_AVAILABLE DATA_.

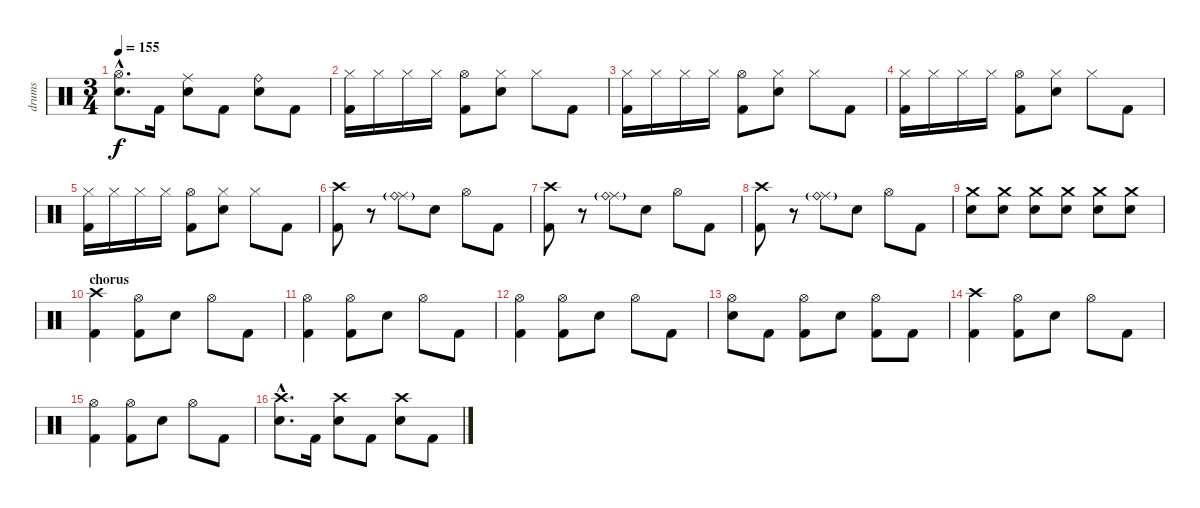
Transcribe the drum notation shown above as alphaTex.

\track ("drums" "drums") {instrument percussion}
\staff {score}
\articulation defaults
\ts (3 4)
\tempo 155
\clef neutral
\ks c
("Hi-Hat (open)"{hac} "Electric Snare (hit)"{hac}).8{d dy f} "Kick (hit) 2".16 ("Ride (middle)" "Electric Snare (hit)").8 "Kick (hit) 2".8 ("Ride (bell)" "Electric Snare (hit)").8 "Kick (hit) 2".8 |
("Hi-Hat (closed)" "Kick (hit) 2").16 "Hi-Hat (closed)".16 "Hi-Hat (closed)".16 "Hi-Hat (closed)".16 ("Hi-Hat (open)" "Kick (hit) 2").8 ("Hi-Hat (closed)" "Electric Snare (hit)").8 "Hi-Hat (closed)".8 "Kick (hit) 2".8 |
("Hi-Hat (closed)" "Kick (hit) 2").16 "Hi-Hat (closed)".16 "Hi-Hat (closed)".16 "Hi-Hat (closed)".16 ("Hi-Hat (open)" "Kick (hit) 2").8 ("Hi-Hat (closed)" "Electric Snare (hit)").8 "Hi-Hat (closed)".8 "Kick (hit) 2".8 |
("Hi-Hat (closed)" "Kick (hit) 2").16 "Hi-Hat (closed)".16 "Hi-Hat (closed)".16 "Hi-Hat (closed)".16 ("Hi-Hat (open)" "Kick (hit) 2").8 ("Hi-Hat (closed)" "Electric Snare (hit)").8 "Hi-Hat (closed)".8 "Kick (hit) 2".8 |
("Hi-Hat (closed)" "Kick (hit) 2").16 "Hi-Hat (closed)".16 "Hi-Hat (closed)".16 "Hi-Hat (closed)".16 ("Hi-Hat (open)" "Kick (hit) 2").8 ("Hi-Hat (closed)" "Electric Snare (hit)").8 "Hi-Hat (closed)".8 "Kick (hit) 2".8 |
("Crash high (hit)" "Kick (hit) 2").8 r.8 ("Ride (middle)" "Ride (bell)"{g}).8 "Electric Snare (hit)".8 "Hi-Hat (open)".8 "Kick (hit) 2".8 |
("Crash high (hit)" "Kick (hit) 2").8 r.8 ("Ride (middle)" "Ride (bell)"{g}).8 "Electric Snare (hit)".8 "Hi-Hat (open)".8 "Kick (hit) 2".8 |
("Crash high (hit)" "Kick (hit) 2").8 r.8 ("Ride (middle)" "Ride (bell)"{g}).8 "Electric Snare (hit)".8 "Hi-Hat (open)".8 "Kick (hit) 2".8 |
("Crash medium (hit)" "Electric Snare (hit)").8 ("Crash medium (hit)" "Electric Snare (hit)").8 ("Crash medium (hit)" "Electric Snare (hit)").8 ("Crash medium (hit)" "Electric Snare (hit)").8 ("Crash medium (hit)" "Electric Snare (hit)").8 ("Crash medium (hit)" "Electric Snare (hit)").8 |
\section ("" "chorus")
("Crash high (hit)" "Kick (hit) 2").4 ("Hi-Hat (open)" "Kick (hit) 2").8 "Electric Snare (hit)".8 "Hi-Hat (open)".8 "Kick (hit) 2".8 |
("Hi-Hat (open)" "Kick (hit) 2").4 ("Hi-Hat (open)" "Kick (hit) 2").8 "Electric Snare (hit)".8 "Hi-Hat (open)".8 "Kick (hit) 2".8 |
("Hi-Hat (open)" "Kick (hit) 2").4 ("Hi-Hat (open)" "Kick (hit) 2").8 "Electric Snare (hit)".8 "Hi-Hat (open)".8 "Kick (hit) 2".8 |
("Hi-Hat (open)" "Electric Snare (hit)").8 "Kick (hit) 2".8 ("Hi-Hat (open)" "Kick (hit) 2").8 "Electric Snare (hit)".8 ("Hi-Hat (open)" "Kick (hit) 2").8 "Kick (hit) 2".8 |
("Crash high (hit)" "Kick (hit) 2").4 ("Hi-Hat (open)" "Kick (hit) 2").8 "Electric Snare (hit)".8 "Hi-Hat (open)".8 "Kick (hit) 2".8 |
("Hi-Hat (open)" "Kick (hit) 2").4 ("Hi-Hat (open)" "Kick (hit) 2").8 "Electric Snare (hit)".8 "Hi-Hat (open)".8 "Kick (hit) 2".8 |
("Crash high (hit)"{hac} "Electric Snare (hit)"{hac}).8{d} "Kick (hit) 2".16 ("Crash high (hit)" "Electric Snare (hit)").8 "Kick (hit) 2".8 ("Crash high (hit)" "Electric Snare (hit)").8 "Kick (hit) 2".8
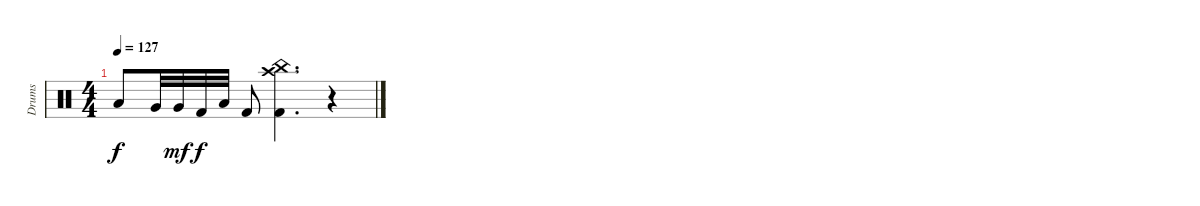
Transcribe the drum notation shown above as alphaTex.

\track ("Drums" "Drums") {instrument percussion}
\staff {score}
\articulation defaults
\ts (4 4)
\tempo 127
\clef neutral
\ks c "Low Floor Tom (hit)".8{dy f} "Very Low Tom (hit)".32 "Very Low Tom (hit)".32{dy mf} "Kick (hit) 2".32{dy f} "Low Floor Tom (hit)".32 "Kick (hit) 2".8
("Kick (hit) 2" "Crash high (hit)" "China (hit)").4{d} r.4

_TASK DESCRIPTION_.
If an entry holds an image, omit that image and print the remainder exactly as it stands.

_RESULT OF THE TASK_.
Transcribe the drum notation shown above as alphaTex.

\track ("drums" "drums") {instrument percussion}
\staff {score}
\articulation defaults
\ts (3 4)
\tempo 155
\clef neutral
\ks c
("Hi-Hat (open)"{hac} "Electric Snare (hit)"{hac}).8{d dy f} "Kick (hit) 2".16 ("Ride (middle)" "Electric Snare (hit)").8 "Kick (hit) 2".8 ("Ride (bell)" "Electric Snare (hit)").8 "Kick (hit) 2".8 |
("Hi-Hat (closed)" "Kick (hit) 2").16 "Hi-Hat (closed)".16 "Hi-Hat (closed)".16 "Hi-Hat (closed)".16 ("Hi-Hat (open)" "Kick (hit) 2").8 ("Hi-Hat (closed)" "Electric Snare (hit)").8 "Hi-Hat (closed)".8 "Kick (hit) 2".8 |
("Hi-Hat (closed)" "Kick (hit) 2").16 "Hi-Hat (closed)".16 "Hi-Hat (closed)".16 "Hi-Hat (closed)".16 ("Hi-Hat (open)" "Kick (hit) 2").8 ("Hi-Hat (closed)" "Electric Snare (hit)").8 "Hi-Hat (closed)".8 "Kick (hit) 2".8 |
("Hi-Hat (closed)" "Kick (hit) 2").16 "Hi-Hat (closed)".16 "Hi-Hat (closed)".16 "Hi-Hat (closed)".16 ("Hi-Hat (open)" "Kick (hit) 2").8 ("Hi-Hat (closed)" "Electric Snare (hit)").8 "Hi-Hat (closed)".8 "Kick (hit) 2".8 |
("Hi-Hat (closed)" "Kick (hit) 2").16 "Hi-Hat (closed)".16 "Hi-Hat (closed)".16 "Hi-Hat (closed)".16 ("Hi-Hat (open)" "Kick (hit) 2").8 ("Hi-Hat (closed)" "Electric Snare (hit)").8 "Hi-Hat (closed)".8 "Kick (hit) 2".8 |
("Crash high (hit)" "Kick (hit) 2").8 r.8 ("Ride (middle)" "Ride (bell)"{g}).8 "Electric Snare (hit)".8 "Hi-Hat (open)".8 "Kick (hit) 2".8 |
("Crash high (hit)" "Kick (hit) 2").8 r.8 ("Ride (middle)" "Ride (bell)"{g}).8 "Electric Snare (hit)".8 "Hi-Hat (open)".8 "Kick (hit) 2".8 |
("Crash high (hit)" "Kick (hit) 2").8 r.8 ("Ride (middle)" "Ride (bell)"{g}).8 "Electric Snare (hit)".8 "Hi-Hat (open)".8 "Kick (hit) 2".8 |
("Crash medium (hit)" "Electric Snare (hit)").8 ("Crash medium (hit)" "Electric Snare (hit)").8 ("Crash medium (hit)" "Electric Snare (hit)").8 ("Crash medium (hit)" "Electric Snare (hit)").8 ("Crash medium (hit)" "Electric Snare (hit)").8 ("Crash medium (hit)" "Electric Snare (hit)").8 |
\section ("" "chorus")
("Crash high (hit)" "Kick (hit) 2").4 ("Hi-Hat (open)" "Kick (hit) 2").8 "Electric Snare (hit)".8 "Hi-Hat (open)".8 "Kick (hit) 2".8 |
("Hi-Hat (open)" "Kick (hit) 2").4 ("Hi-Hat (open)" "Kick (hit) 2").8 "Electric Snare (hit)".8 "Hi-Hat (open)".8 "Kick (hit) 2".8 |
("Hi-Hat (open)" "Kick (hit) 2").4 ("Hi-Hat (open)" "Kick (hit) 2").8 "Electric Snare (hit)".8 "Hi-Hat (open)".8 "Kick (hit) 2".8 |
("Hi-Hat (open)" "Electric Snare (hit)").8 "Kick (hit) 2".8 ("Hi-Hat (open)" "Kick (hit) 2").8 "Electric Snare (hit)".8 ("Hi-Hat (open)" "Kick (hit) 2").8 "Kick (hit) 2".8 |
("Crash high (hit)" "Kick (hit) 2").4 ("Hi-Hat (open)" "Kick (hit) 2").8 "Electric Snare (hit)".8 "Hi-Hat (open)".8 "Kick (hit) 2".8 |
("Hi-Hat (open)" "Kick (hit) 2").4 ("Hi-Hat (open)" "Kick (hit) 2").8 "Electric Snare (hit)".8 "Hi-Hat (open)".8 "Kick (hit) 2".8 |
("Crash high (hit)"{hac} "Electric Snare (hit)"{hac}).8{d} "Kick (hit) 2".16 ("Crash high (hit)" "Electric Snare (hit)").8 "Kick (hit) 2".8 ("Crash high (hit)" "Electric Snare (hit)").8 "Kick (hit) 2".8
Transcribe the drum notation shown above as alphaTex.

\track ("Drums" "Drums") {instrument percussion}
\staff {score}
\articulation defaults
\ts (4 4)
\tempo 127
\clef neutral
\ks c "Low Floor Tom (hit)".8{dy f} "Very Low Tom (hit)".32 "Very Low Tom (hit)".32{dy mf} "Kick (hit) 2".32{dy f} "Low Floor Tom (hit)".32 "Kick (hit) 2".8
("Kick (hit) 2" "Crash high (hit)" "China (hit)").4{d} r.4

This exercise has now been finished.